Wednesday, June 20, 2012
I'm a little late with this post but I'm going to open up a political can of worms here on the blog and talk about pension reform. In California, two cities (including my hometown, San Diego) have voted to approve changes to their city's pension plans. The San Jose measure seems to make changes to plans for retired workers. I can understand how changes to plans for new employees might be legal, but I'm not sure how changes to existing plans and vested benefits can be considered legal. The contract law issues boggle the mind. Not surprisingly, the proposed changes to the San Jose plan are being legally challenged. It's going to get messy....
Monday, June 4, 2012
Council 31 of the American Federation of State, County and Municipal Employees, AFL-CIO (the Union) represents 40,000 employees in the state of Illinois. It agreed to certain cost-saving measures, including deferred wage increases, in order to help Illinois address significant budget pressures. When Illinois did not emerge from its financial woes, it instituted a wage freeze, repudiating the earlier deal.
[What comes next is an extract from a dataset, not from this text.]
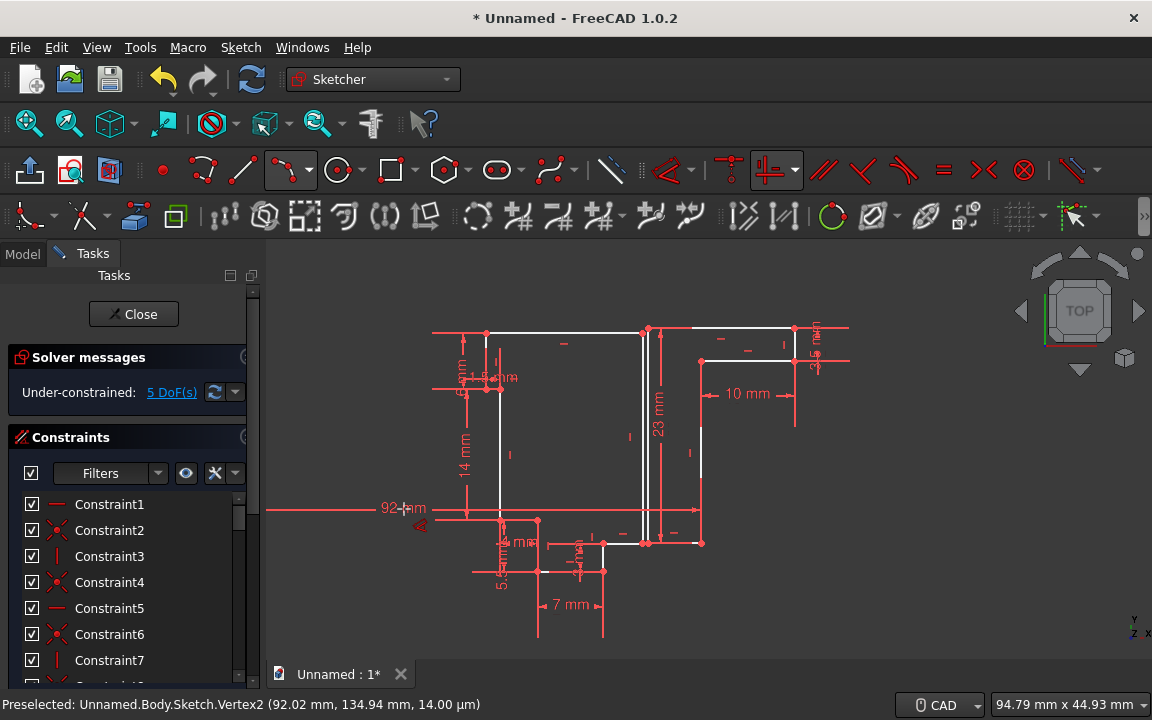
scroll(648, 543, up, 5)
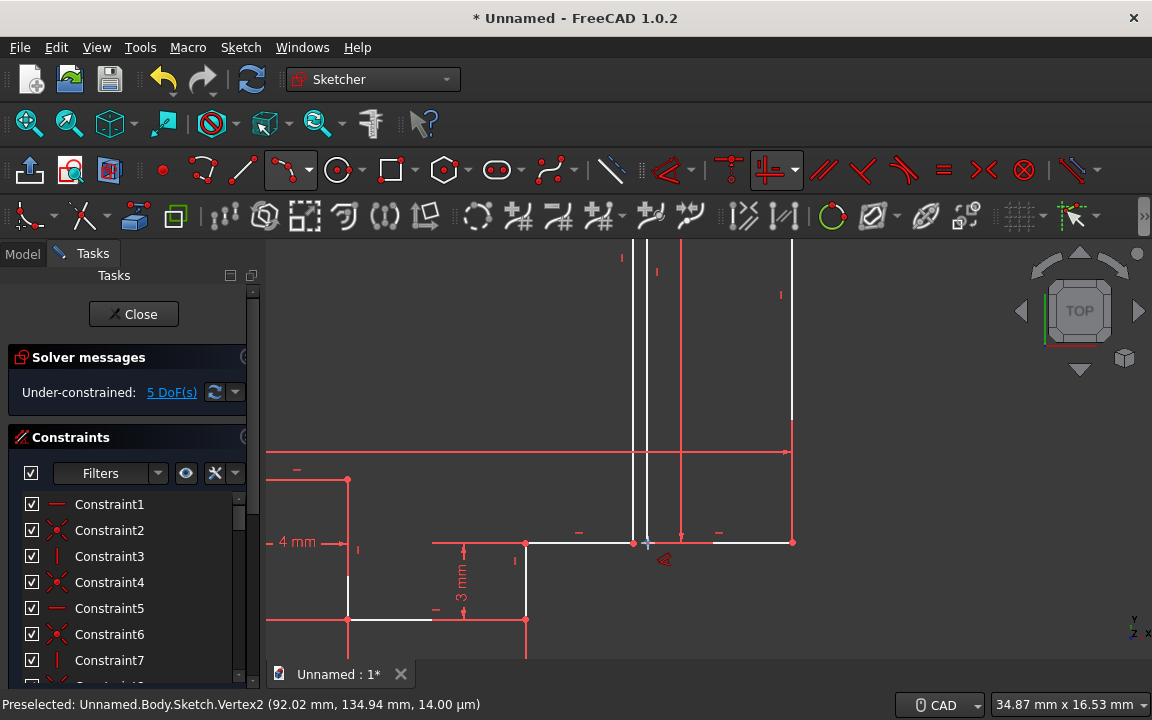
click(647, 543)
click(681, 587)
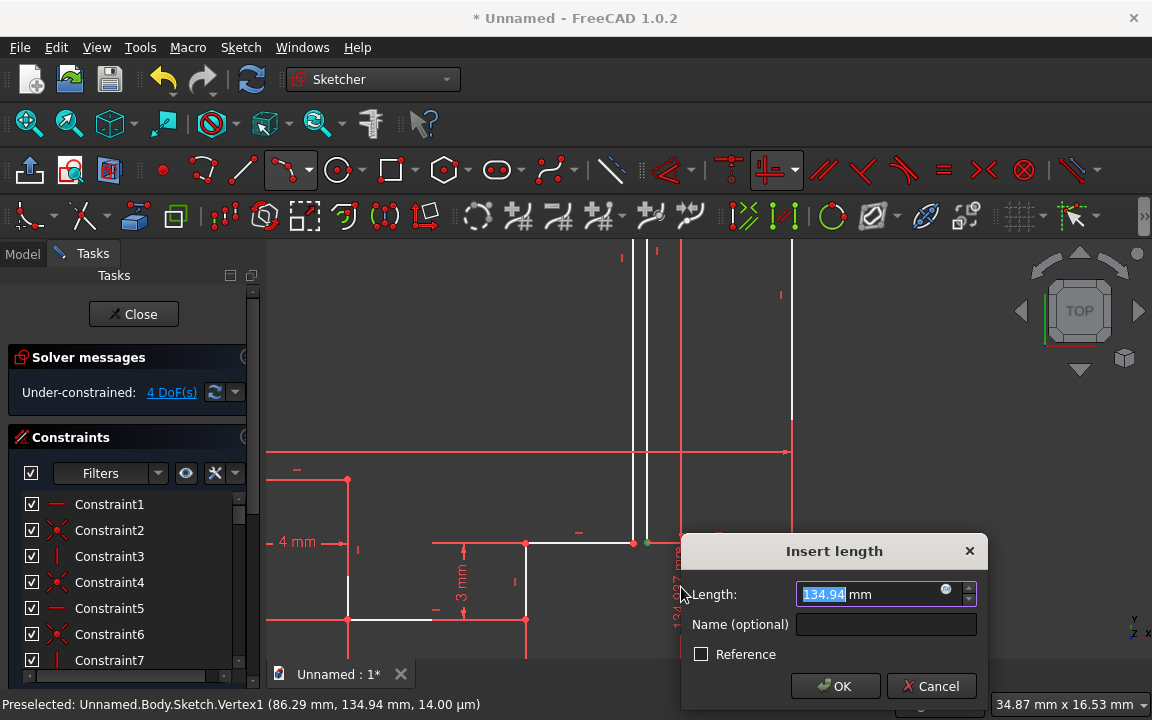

The Union brought suit, citing inter alia the Contracts Clause, and seeking an injunction forcing the state to pay the wage increases as they came due. Illinois brought a motion to dismiss, which the District Court granted. In Council 31 v. Quinn, the Seventh Circuit affirmed.
The case is procedurally complex, especially since the parties proceeded with arbitration, in which the Union prevailed in part, and that ruling is subject to an on-going appeal in the state courts. Meanwhile, the 7th Circuit addressed only constitutional claims brought pursuant to the Contracts Cluase and the Equal Protection Clause against Illinois Governor Quinn and from the State's Department of Central Management Services Director Malcolm Weems, both in their offiical capacities.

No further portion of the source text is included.